2. Das angefochtene Urteil lässt sich auch nicht auf die Erwägungen stützen, mit denen das Verwaltungsgericht die Klage jedenfalls für unbegründet hält. Der angefochtene Zuordnungsbescheid soll hiernach schon deshalb rechtmäßig sein, weil er einer Einigung unter den Zuordnungsprätendenten entspreche, an die die beklagte Zuordnungsbehörde gebunden sei, jedenfalls aber deshalb, weil der Bund seinen Zuordnungsantrag zurückgenommen habe und ihm das Grundstück nicht aufgenötigt werden dürfe. Beide Begründungen stehen mit dem Bundesrecht nicht in Einklang.
a) Der angefochtene Zuordnungsbescheid ist nicht allein deshalb rechtmäßig, weil er dem Inhalt einer Einigung unter den Zuordnungsprätendenten entspräche (§ 2 Abs. 1 Satz 6 VZOG). Allerdings hat der Bund nach einer gemeinsamen Ortsbegehung mit den übrigen am Verfahren beteiligten Zuordnungsprätendenten seinen Zuordnungsantrag zurückgenommen; darin mag - ähnlich wie in einem Negativattest (vgl. Urteil vom 18. Juli 2002 - BVerwG 3 C 30.01 - Buchholz 428.2 § 2 VZOG Nr. 13) - eine Willenserklärung zu sehen sein, deren konkludente Annahme durch einen anderen, allein noch in Betracht kommenden Prätendenten eine Einigung im Zuordnungsstreit herbeiführt. Die Beklagte wäre an eine solche Einigung aber nur gebunden gewesen, wenn sie wirksam war. Daran fehlt es, wenn sie in Rechte Dritter eingreift, sofern der Dritte nicht zustimmt. Diesem Grundsatz verleiht § 58 Abs. 1 VwVfG allgemeinen Ausdruck. Er wird auch von § 2 Abs. 1 Satz 6 VZOG aufgegriffen. Hiernach ist die Befugnis der Verfahrensbeteiligten, eine Einigung unter Abweichung von der materiellen Zuordnungsrechtslage zu treffen, davon abhängig, dass damit Rechte anderer Zuordnungsberechtigter nicht verletzt werden. Das Gesetz erwähnt ausdrücklich nur die Rechte anderer Zuordnungsberechtigter, weil im Regelfall allein diese von der Vermögenszuordnung in ihren Rechten betroffen werden können. Daraus lässt sich aber nicht schließen, dass eine Einigung nach § 2 Abs. 1 Satz 6 VZOG auf die Rechte privater Dritter selbst dann keine Rücksicht zu nehmen brauchte, wenn solche ausnahmsweise berührt sein können. Das gilt namentlich dann, wenn das Recht des privaten Dritten - wie hier - gerade darin besteht, die materielle Zuordnungsberechtigung eines der an der Einigung beteiligten Prätendenten - und sei es gegen dessen Willen - geltend zu machen.
b) Der angefochtene Zuordnungsbescheid ist auch nicht deshalb rechtmäßig, weil die strittigen Grundstücke dem Bund, nachdem dieser seinen Zuordnungsantrag zurückgenommen hatte, nicht hätten "aufgedrängt" werden dürfen und deshalb allein noch eine Zuordnung an die Beigeladene in Betracht gekommen sei.
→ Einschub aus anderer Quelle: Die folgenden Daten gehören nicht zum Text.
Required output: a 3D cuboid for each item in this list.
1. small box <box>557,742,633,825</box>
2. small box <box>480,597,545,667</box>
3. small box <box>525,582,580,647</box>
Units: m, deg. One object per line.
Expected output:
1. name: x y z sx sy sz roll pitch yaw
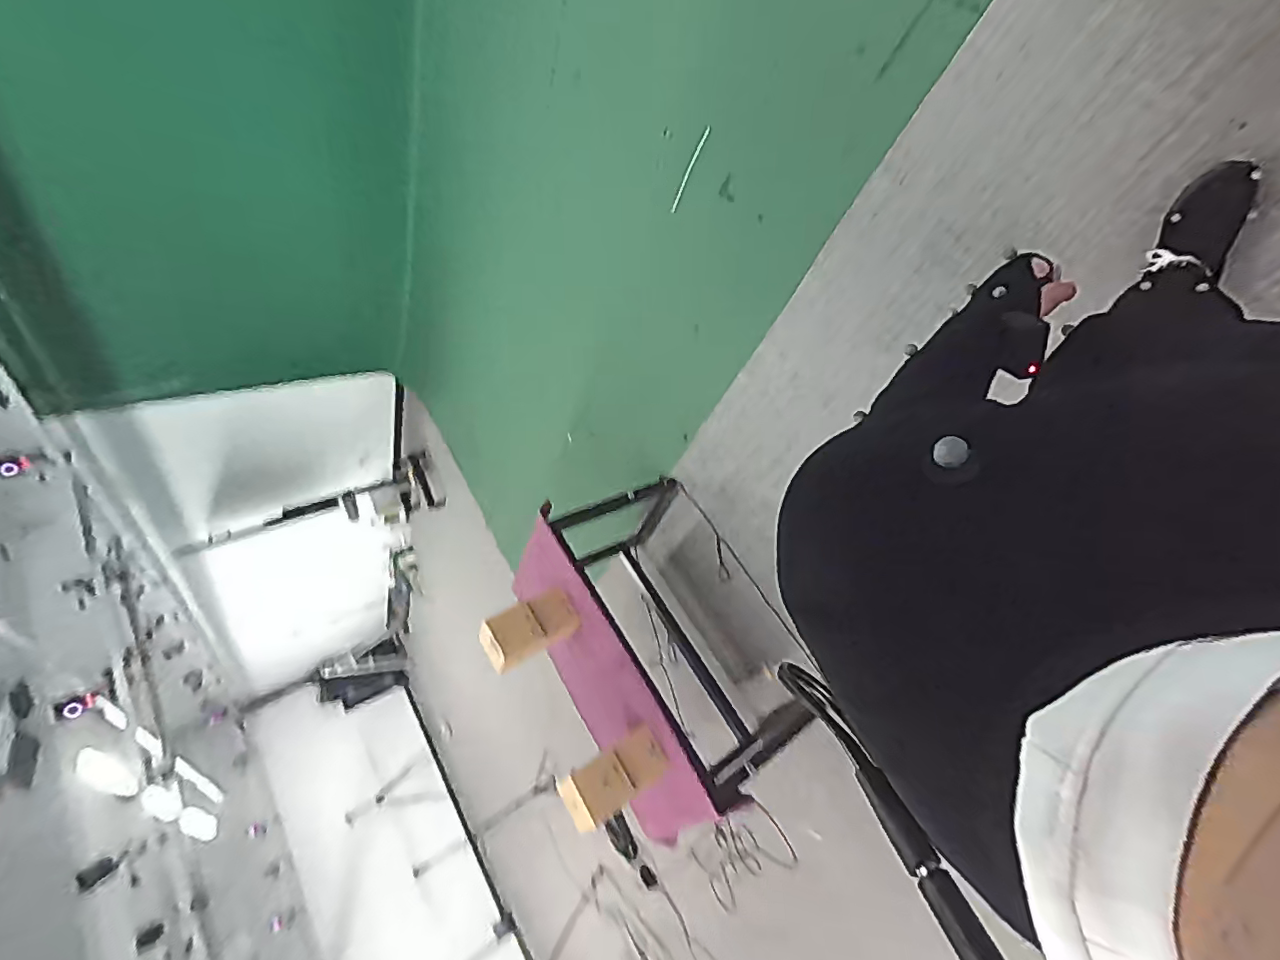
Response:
1. small box: -0.147 0.999 1.786 0.168 0.176 0.179 55 141 21
2. small box: -0.477 0.566 2.026 0.168 0.176 0.179 54 143 20
3. small box: -0.359 0.531 2.137 0.168 0.176 0.179 55 142 18

Der Zuordnungsbescheid ist - außer im Falle der öffentlich-rechtlichen Restitution - kein mitwirkungsbedürftiger Verwaltungsakt; er setzt zu seiner Rechtmäßigkeit nicht den Antrag des Zuordnungsempfängers voraus. Das ergibt sich schon aus § 1 Abs. 6 VZOG, demzufolge die Zuordnungsbehörde bei öffentlichem Interesse in den Fällen des Absatzes 1 auch von Amts wegen entscheidet. Es folgt auch aus Sinn und Zweck des Zuordnungsrechts, welches den zuständigen Verwaltungsträger bestimmen soll. Das kann nicht von dessen Zustimmung abhängig sein. Andernfalls könnten etwa Grundstücke, die mehr Lasten als Nutzen versprechen, kaum je zugeordnet werden (vgl. Urteil vom 27. April 2006 - BVerwG 3 C 23.05 - ZOV 2006, 284).